Did the freehub design change, or does it take a few 100 miles for the OE grease to thin out ??

Also , the new rear wheel occasionally feels like the freehub slips a few degrees of rotation on hard acceleration, then the ratchet pawls "grab". This is a more significant concern. This also seems consistent with too-thick factory grease in the freehub. 

Is this normal or typical w/ new Campy freehubs? Or do I have a problem requiring warranty service?

PS: 
in the 1960s, I would occasionally dis-assemble & clean my 5-cog Schwinn _freewheels_ (ugh) ... when re-packed with fresh 60s grease, it would be very quiet for a few dozen miles, then the click-click-click would resume ... that's what made me think of this on the new Campy wheels.


----------



## C-40 (Feb 4, 2004)

*info..*

It's not normal.
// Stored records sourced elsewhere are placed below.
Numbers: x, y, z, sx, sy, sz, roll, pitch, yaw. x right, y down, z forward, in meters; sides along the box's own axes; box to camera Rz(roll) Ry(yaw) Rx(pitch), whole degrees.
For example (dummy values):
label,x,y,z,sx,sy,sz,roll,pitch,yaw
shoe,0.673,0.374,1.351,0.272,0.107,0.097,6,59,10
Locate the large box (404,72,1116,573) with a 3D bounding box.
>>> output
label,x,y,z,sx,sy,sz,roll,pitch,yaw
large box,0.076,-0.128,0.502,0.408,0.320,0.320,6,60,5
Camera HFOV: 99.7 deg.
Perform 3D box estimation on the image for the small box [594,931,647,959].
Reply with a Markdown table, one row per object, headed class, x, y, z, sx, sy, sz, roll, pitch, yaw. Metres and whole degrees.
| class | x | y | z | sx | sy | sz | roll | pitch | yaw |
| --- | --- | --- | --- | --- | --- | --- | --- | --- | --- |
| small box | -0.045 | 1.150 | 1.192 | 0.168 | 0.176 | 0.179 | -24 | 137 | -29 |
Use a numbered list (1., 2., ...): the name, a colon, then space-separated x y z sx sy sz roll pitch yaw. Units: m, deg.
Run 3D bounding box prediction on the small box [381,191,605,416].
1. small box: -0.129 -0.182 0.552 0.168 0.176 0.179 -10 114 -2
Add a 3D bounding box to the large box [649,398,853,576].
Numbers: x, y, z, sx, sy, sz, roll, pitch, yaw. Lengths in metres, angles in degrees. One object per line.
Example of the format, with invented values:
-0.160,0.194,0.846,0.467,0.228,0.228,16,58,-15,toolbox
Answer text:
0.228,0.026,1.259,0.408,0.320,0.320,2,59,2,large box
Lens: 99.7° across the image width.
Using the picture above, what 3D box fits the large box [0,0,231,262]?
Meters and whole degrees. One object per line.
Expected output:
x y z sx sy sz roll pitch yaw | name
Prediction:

My Fulcrum wheels had a loud racheting when I first got them. You may well have too much grease in the pawl area. Campy has used the same white grease for many years, but it's not too heavy.

It's not hard to take the hub apart, enough to expose the pawls and see how heavily packed the grease is, in the pawl area.

Worst case, you could remove the Campy grease and replace with Park Poly lube or similar.


----------



## mriddle (Nov 16, 2005)

*Give it time*

I bought a pair of Bora's last fall.
I actually posted about this same issue I think. 
Virtually silent for the initial 500 miles, now I have about 1500 miles on them and they are screaming.


----------



## SimeofPag (Jan 31, 2009)

I just picked up a set of new Zonda's for training. They were really quiet it first but after a few weeks of solid riding they have the lovely campy sound back. I think it just takes a while for them to break in.


----------



## David Loving (Jun 13, 2008)

as the grease breaks in it should get noisier.


----------



## tom_h (May 6, 2008)

*Update*

After couple more rides, freehub clicking has definitely gotten louder. Also, the rear wheel is spinning longer, when bike is in the workstand.

About 200-250 miles for the rear wheel hub to "break in".

Life is good ;-)


----------



## CHL (Jun 24, 2005)

C-40 said:


> Campy has used the same white grease for many years, but it's not too heavy.
> QUOTE]
> 
> Does anyone know what grease Campagnolo uses? It's fairly light compared to just about anything on the market. The only thing that I've used that is this light is the Kyodo Yushi grease that is commonly used with Ceramic bearings.
> ...


----------